Exacerbating the situation is that other major tenants in the shopping centers often have clauses in their lease agreements that allow them to close or pay lower rents if the other anchors close. Most major retailers also have non-compete clauses that prohibit the landlord from renting space to competing businesses. If the anchor has such a clause and leaves before its lease is up, the space cannot (during the term of the original lease) be sublet to a tenant with a competing business.

So it's not surprising that the spaces abandoned by anchor tenants end up being gyms, thrift stores, churches, medical offices and call centers. While those tenants pay the rent, they don't create the same draw as the original anchors.

Last week, Wal-Mart vacated a 100,000-square-foot space in Embassy Crossings as it opened a supercenter at U.S. 19 and Ridge Road. This is one of hundreds of empty Wal-Mart discount stores that consultant Al Norman has made into the centerpiece of his consulting business.

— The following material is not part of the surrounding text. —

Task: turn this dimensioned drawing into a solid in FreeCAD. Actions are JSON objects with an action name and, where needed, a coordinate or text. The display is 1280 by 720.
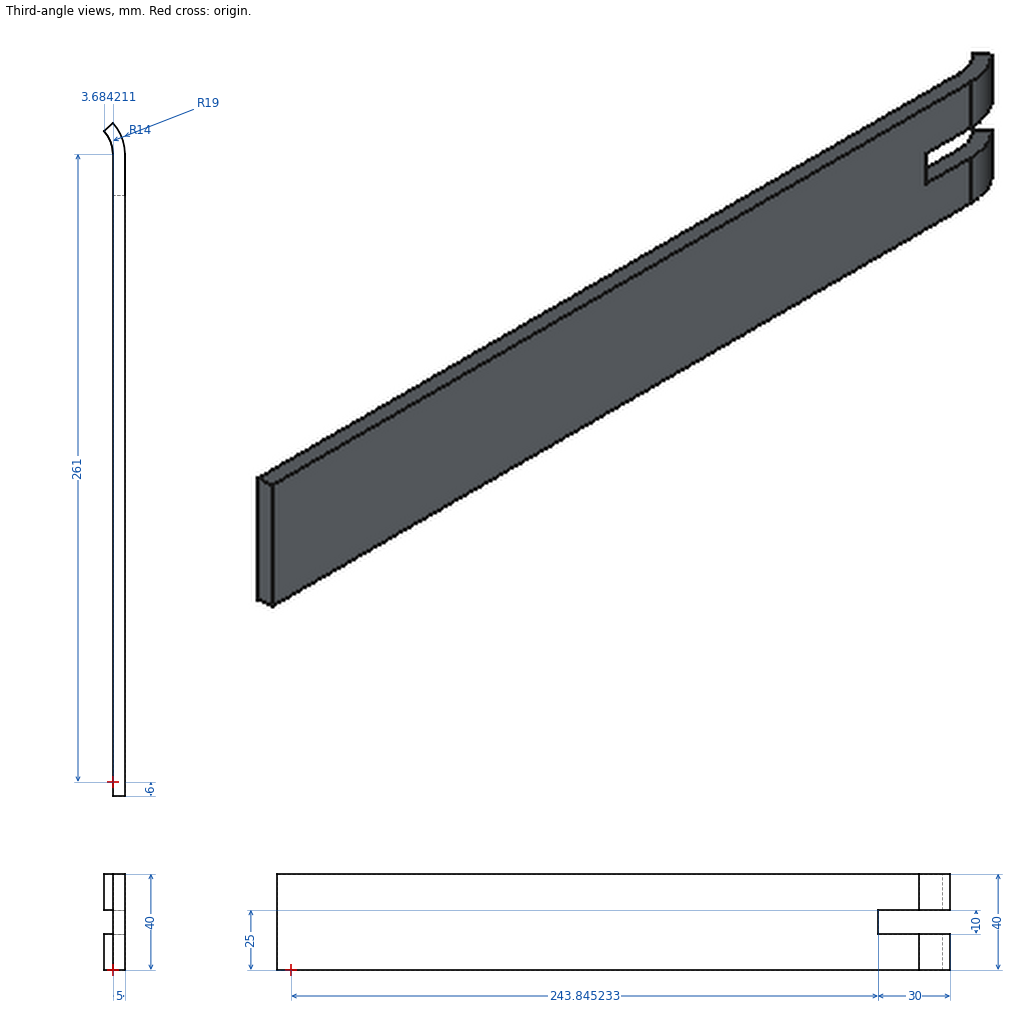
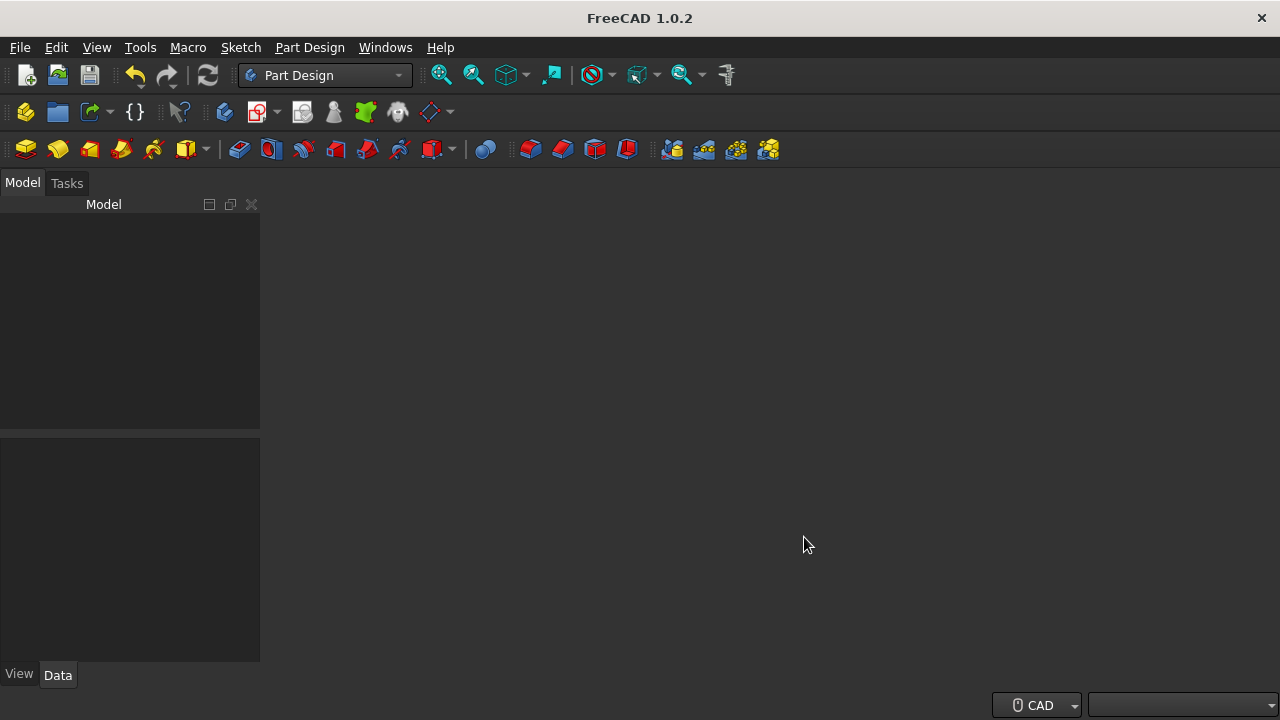
{"action": "left_click", "coordinate": [26, 76]}

Norman, who has a firm called Sprawl Busters and a book called Slam Dunking Wal-Mart, says he gets frustrated with cities that encourage development of big box and bigger box and biggest box development. He says that while these supercenters just tend to suck sales from existing businesses, city officials are often lured by the promise of jobs, high property tax revenues and new buildings. But this kind of activity does not qualify as economic development, he said.

"It's not a shot in the arm to the economy; it's a shot in the head."

What will the future hold? Norman envisions a community that will "end up with a fair amount of acreage squandered for development that came and went. "All the stores that have been overbuilding are going to be empty monuments to greed over need."